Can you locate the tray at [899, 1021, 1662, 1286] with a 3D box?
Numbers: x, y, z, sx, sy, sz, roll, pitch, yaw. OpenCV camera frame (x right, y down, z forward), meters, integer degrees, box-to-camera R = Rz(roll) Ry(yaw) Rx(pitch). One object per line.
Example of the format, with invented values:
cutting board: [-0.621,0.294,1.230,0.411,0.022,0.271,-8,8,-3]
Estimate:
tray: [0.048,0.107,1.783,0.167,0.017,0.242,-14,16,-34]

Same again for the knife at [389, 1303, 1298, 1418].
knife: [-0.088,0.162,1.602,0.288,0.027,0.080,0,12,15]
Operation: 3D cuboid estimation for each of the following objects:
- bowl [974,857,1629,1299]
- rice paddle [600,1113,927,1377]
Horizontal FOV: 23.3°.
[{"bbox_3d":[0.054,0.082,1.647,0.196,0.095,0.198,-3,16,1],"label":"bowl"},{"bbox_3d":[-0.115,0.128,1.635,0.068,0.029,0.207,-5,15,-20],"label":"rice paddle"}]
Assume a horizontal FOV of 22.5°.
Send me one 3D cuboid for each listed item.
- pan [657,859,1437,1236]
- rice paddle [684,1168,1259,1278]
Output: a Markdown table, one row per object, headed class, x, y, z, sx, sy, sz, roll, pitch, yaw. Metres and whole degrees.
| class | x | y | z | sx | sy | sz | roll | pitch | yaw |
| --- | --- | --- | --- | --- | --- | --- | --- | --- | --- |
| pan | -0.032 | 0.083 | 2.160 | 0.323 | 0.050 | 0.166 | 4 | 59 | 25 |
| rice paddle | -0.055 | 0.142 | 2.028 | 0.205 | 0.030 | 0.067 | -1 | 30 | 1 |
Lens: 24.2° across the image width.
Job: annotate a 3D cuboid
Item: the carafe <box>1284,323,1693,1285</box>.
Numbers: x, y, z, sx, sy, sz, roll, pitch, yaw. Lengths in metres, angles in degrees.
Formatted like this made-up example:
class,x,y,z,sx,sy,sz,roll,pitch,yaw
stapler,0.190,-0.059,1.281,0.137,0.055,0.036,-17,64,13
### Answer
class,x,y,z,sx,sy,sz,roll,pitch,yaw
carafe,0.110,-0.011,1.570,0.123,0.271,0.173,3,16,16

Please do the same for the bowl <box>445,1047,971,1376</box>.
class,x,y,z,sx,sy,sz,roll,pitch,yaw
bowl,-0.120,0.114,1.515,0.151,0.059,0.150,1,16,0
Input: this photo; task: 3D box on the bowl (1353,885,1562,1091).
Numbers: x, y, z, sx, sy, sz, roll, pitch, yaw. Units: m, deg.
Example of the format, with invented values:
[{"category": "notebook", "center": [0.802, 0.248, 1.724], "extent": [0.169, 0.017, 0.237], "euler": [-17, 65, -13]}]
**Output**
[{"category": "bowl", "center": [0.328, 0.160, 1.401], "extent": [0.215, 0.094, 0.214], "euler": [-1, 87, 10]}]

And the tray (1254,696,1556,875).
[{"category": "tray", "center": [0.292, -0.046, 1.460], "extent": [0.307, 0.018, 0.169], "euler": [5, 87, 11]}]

### About this task
When you reach the line with "Send me one 3D cuboid for each listed item." in the records above, start writing out lines exactly, and stop once the line with "- rice paddle [684,1168,1259,1278]" has been written; include nothing else.

### Result of the task
Send me one 3D cuboid for each listed item.
- pan [657,859,1437,1236]
- rice paddle [684,1168,1259,1278]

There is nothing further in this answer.